Getting Diagnosed as an Adult
Many people aren’t identified in childhood, and the path to an adult diagnosis looks different. Specialists who diagnose autism in children include neurodevelopmental pediatricians, developmental-behavioral pediatricians, child neurologists, and geneticists. For adults, the process typically involves a detailed history covering early development, family background, and experiences across different life contexts like home, education, and work.
The gold-standard tool for clinical observation is called the ADOS-2, a semi-structured assessment where a clinician interacts with and observes the person being evaluated. It’s widely used in children’s services but less common in adult services. In some adult diagnostic programs in Scotland, 80 to 90 percent of people referred for assessment do turn out to be autistic, suggesting that by the time an adult suspects they’re on the spectrum, they’re usually right. In those cases, the ADOS-2 isn’t always necessary to reach a diagnosis; a thorough clinical interview and developmental history can be sufficient.
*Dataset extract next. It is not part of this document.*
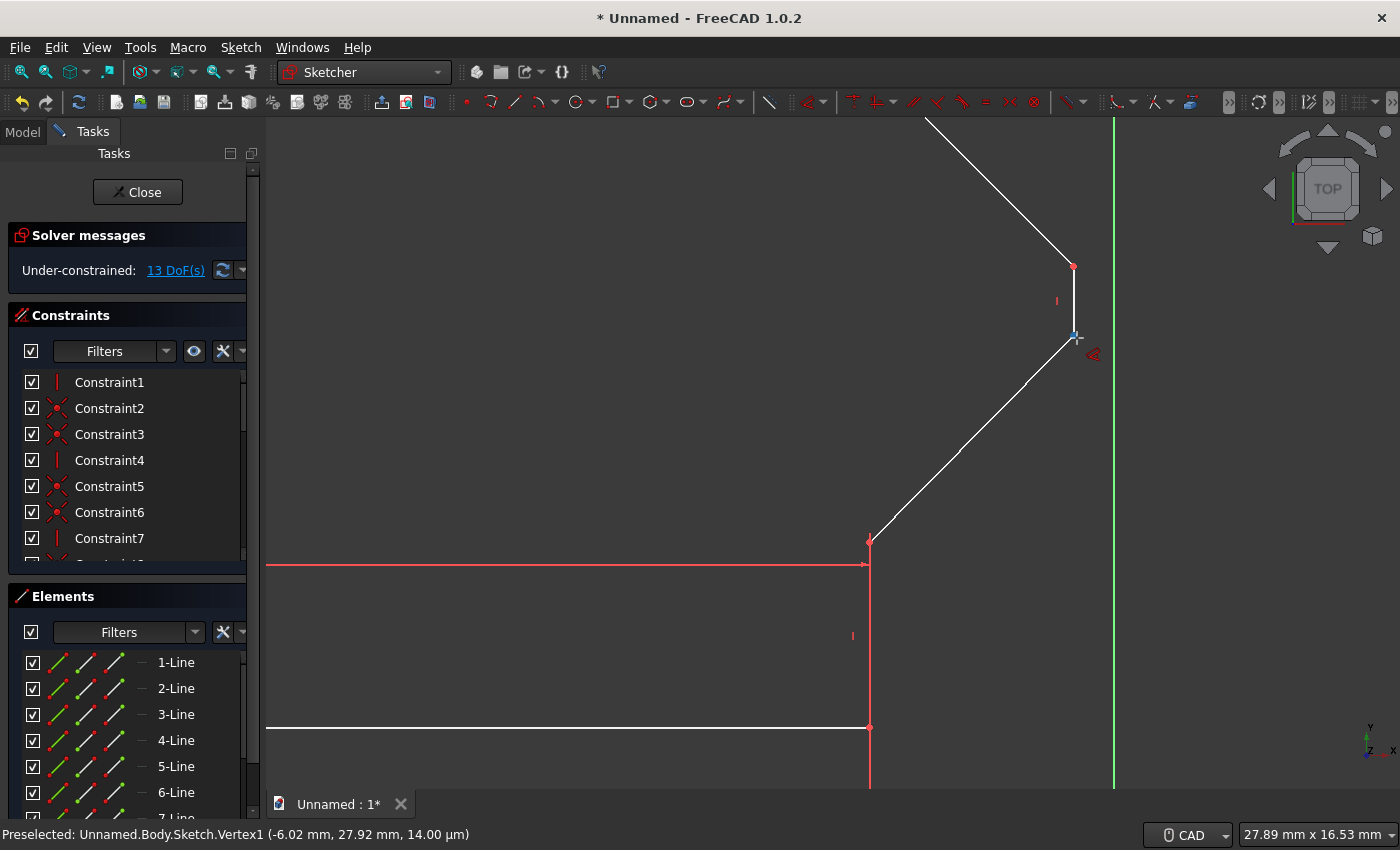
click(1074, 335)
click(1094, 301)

Autism and Mental Health Overlap
While autism itself isn’t a mental illness, autistic people experience mental health conditions at very high rates. Roughly 70 percent of individuals with autism have at least one co-occurring psychiatric condition, and about 40 percent have two or more. The most common is ADHD, with a pooled prevalence around 28 percent. Anxiety disorders affect an estimated 42 percent of autistic people over their lifetime, and depression affects about 37 percent. Schizophrenia spectrum disorders are the least common co-occurrence, at around 4 percent.
These aren’t features of autism itself. They’re separate conditions that autistic people are more vulnerable to, often because of the stress of navigating a world not designed for how their brains work. Recognizing this distinction is important: treating anxiety in an autistic person requires understanding that the autism isn’t the problem to fix, while the anxiety might be.
Why the Classification Affects Insurance
Whether autism is treated as a developmental condition or a mental health condition has real financial consequences. Private insurance plans have historically excluded coverage for some autism-related services, particularly behavioral treatments, and some have excluded autism coverage altogether. As of 2013, 31 states had passed mandates requiring private insurers to cover diagnostic and treatment services for autism, but the details vary significantly.
Some state mandates include mental health parity language, meaning insurers must cover autism services with the same cost-sharing they apply to medical services. Others don’t. And because it’s often unclear whether autism services count as educational, medical, or habilitative, families frequently face disputes over whether their insurance or their child’s school district should be covering specific supports. The ambiguity in autism’s classification, sitting at the intersection of development, neurology, and mental health, directly feeds this confusion.
Mental health parity laws, which require equal coverage for psychiatric and medical services, sometimes include autism and sometimes don’t, depending on whether the law covers all psychiatric diagnoses or only a specified list. Even when these laws technically apply, research has found little measurable effect on actual access to services for autistic individuals.